Well, why does anyone do anything? Why do you get out of bed in the morning, go to work, or tend to your family responsibilities? The question, "How do I motivate my child to read?" is often asked by parents once the child is expected to read in school.
Instead, the first step in my pre-kindergarten Reading Readiness System is all about motivation. It is the child’s interest in reading that sets the stage for his or her success as a reader for a lifetime. In order to understand how motivation influences behaviour, it’s worth touching on the different types of motivation and how they work.
Cue lights, cue projector, ahem.
Extrinsic motivation occurs when we are motivated to complete a task to earn a reward or avoid punishment. Like when you study hard because you want to bring home a great report card and receive praise from your parents.
Intrinsic motivation occurs when we perform the activity for its own sake, because the act alone is personally enjoyable or rewarding; an example would be solving a crossword puzzle because you find the challenge fun and exciting.
So, which one is better?
Well, some studies have shown that offering excessive rewards for something that’s already internally motivating can lead to a reduction in intrinsic motivation (called the ‘overjustification effect’). For instance, if children are rewarded for playing with a toy they are already interested in, they will become less interested in the toy after they are externally rewarded.

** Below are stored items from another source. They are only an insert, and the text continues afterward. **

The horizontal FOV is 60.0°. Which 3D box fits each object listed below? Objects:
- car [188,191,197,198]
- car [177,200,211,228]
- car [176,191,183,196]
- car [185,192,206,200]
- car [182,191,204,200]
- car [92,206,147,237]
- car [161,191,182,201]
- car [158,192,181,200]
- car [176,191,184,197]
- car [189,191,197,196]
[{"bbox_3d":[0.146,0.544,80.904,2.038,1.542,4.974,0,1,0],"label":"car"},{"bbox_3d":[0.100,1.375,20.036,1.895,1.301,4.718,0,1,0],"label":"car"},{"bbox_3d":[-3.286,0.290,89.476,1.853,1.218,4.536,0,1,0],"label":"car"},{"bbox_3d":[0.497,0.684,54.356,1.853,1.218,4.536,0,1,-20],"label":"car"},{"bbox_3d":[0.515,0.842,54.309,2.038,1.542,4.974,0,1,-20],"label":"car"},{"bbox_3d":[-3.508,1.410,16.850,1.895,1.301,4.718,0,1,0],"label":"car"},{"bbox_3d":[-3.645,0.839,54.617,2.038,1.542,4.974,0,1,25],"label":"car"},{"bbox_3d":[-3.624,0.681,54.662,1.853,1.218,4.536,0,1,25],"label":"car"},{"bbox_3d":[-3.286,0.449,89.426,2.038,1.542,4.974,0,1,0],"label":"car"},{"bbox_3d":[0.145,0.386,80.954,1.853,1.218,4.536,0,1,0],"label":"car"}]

While intrinsic motivation is often seen as the ideal, both extrinsic motivation and intrinsic motivation are important ways of driving behavior.
My advice for a DIY takeaway is to observe and discover what approach is right to take with your child based on his/her unique self when it comes to reading. Discovering the right motivations and rewarding the right behaviours is instilling within your child a true interest in reading. And this, of course, should be the first step to reading readiness.